I simply can't find the logic in claiming that the fact of having more or less either entitles you to someone else's money or means that you owe what you've earned and worked for to someone else. WHY? I get that there are people struggling and in need. Help exists and I strongly believe in it, when used responsibly. Yes, I agree the rich could pay more taxes because they can afford it. But there are certainly a lot of people (a little less than half the population) out there who pay NO taxes, or better yet NEGATIVE taxes - the government pays them - who could pitch in a little too. If we're going to talk about fairness here, why do few pay most of the taxes while many pay none? Should we go all-out and make the tax rate flat across the board? No, of course not. But according to the spoiled child philosophy of "he has something I don't have, make him give it to me!" that would serve to reason.
My bottom line is that people deserve to keep and spend the money they earn. If you're a smart enough investor to make money with money - you deserve it! No one else took part in that (that didn't already get paid), therefore they do not, by principle of having less than you, deserve your money. I don't care how many billions of dollars you have. I certainly think you should help the less-fortunate by donating to worthy causes, but I don't believe you should be forced to surrender it by law (beyond a reasonable tax rate) simply because you have it and someone else doesn't.

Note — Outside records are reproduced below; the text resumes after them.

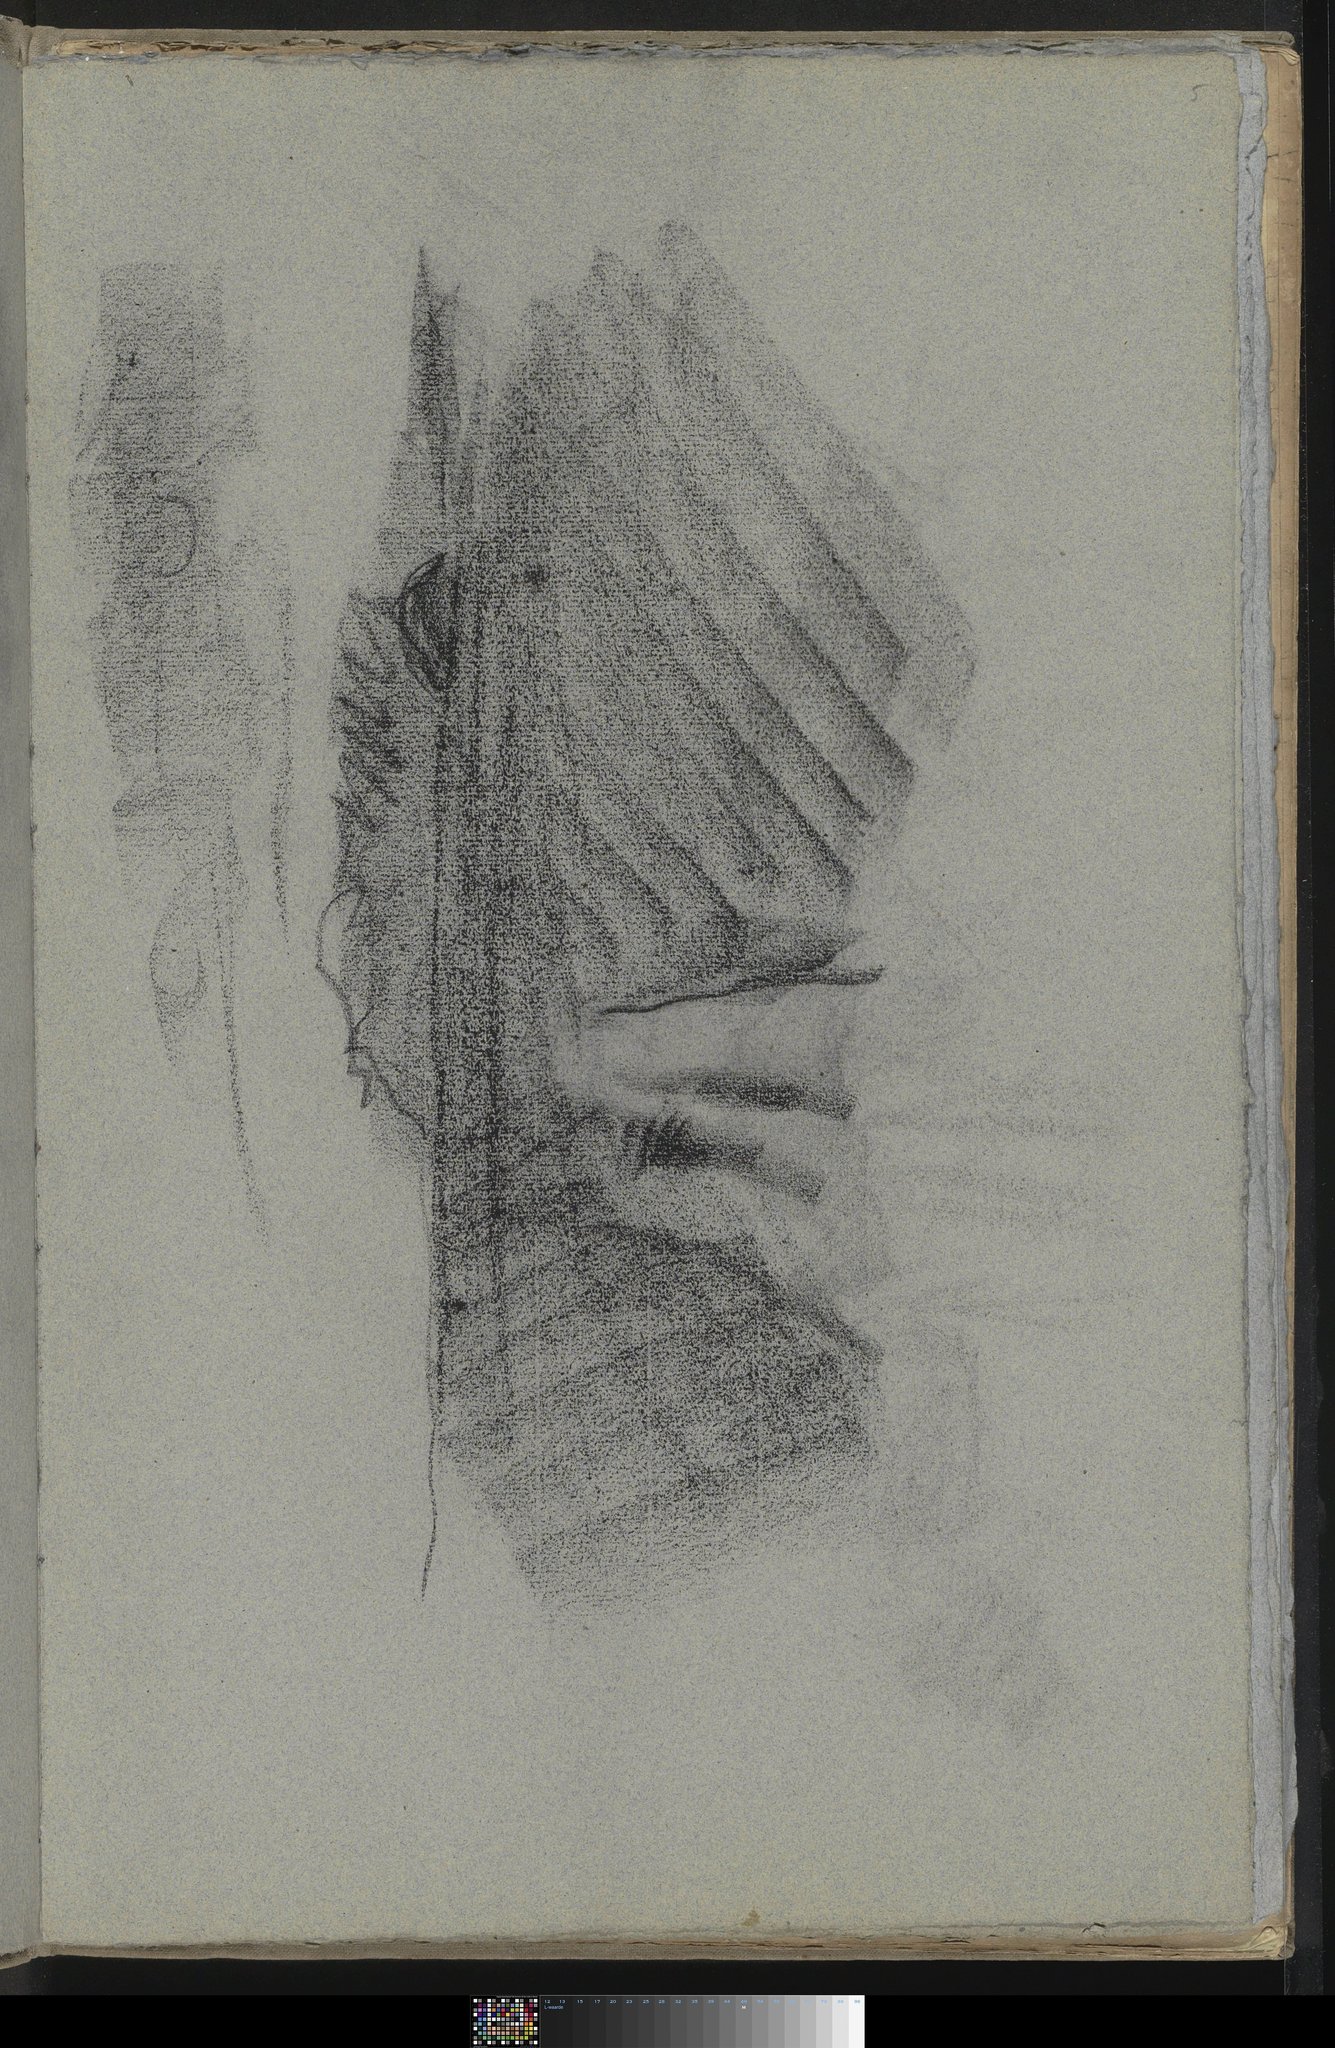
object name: sketchbook leaf
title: Landschap met een boerderij
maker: willem witsen
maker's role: draughtsman, painter, print maker
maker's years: 1860-1923
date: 1884-1887
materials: chalk, paper
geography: ewijkshoeve
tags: farm or solitary house in landscape
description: Pagina 5 uit een schetsboek met 45 bladen vervaardigd rond de Ewijkshoeve.

I do, however, find it a little comical that a well-known philanthropist brags in the article about how little he had to pay in taxes. Perhaps he has written off a few of his gigantic charitable donations???
Ok, this is long enough and I think (I think) I've made my point. Down off the soapbox I go. Do feel free to share your own thoughts/feelings on the article, taxes, or anything I've said. Am I wrong? Tell me why. I'd absolutely love to hear the rational (key word!) explanation for why "have nots" deserve money from the "haves."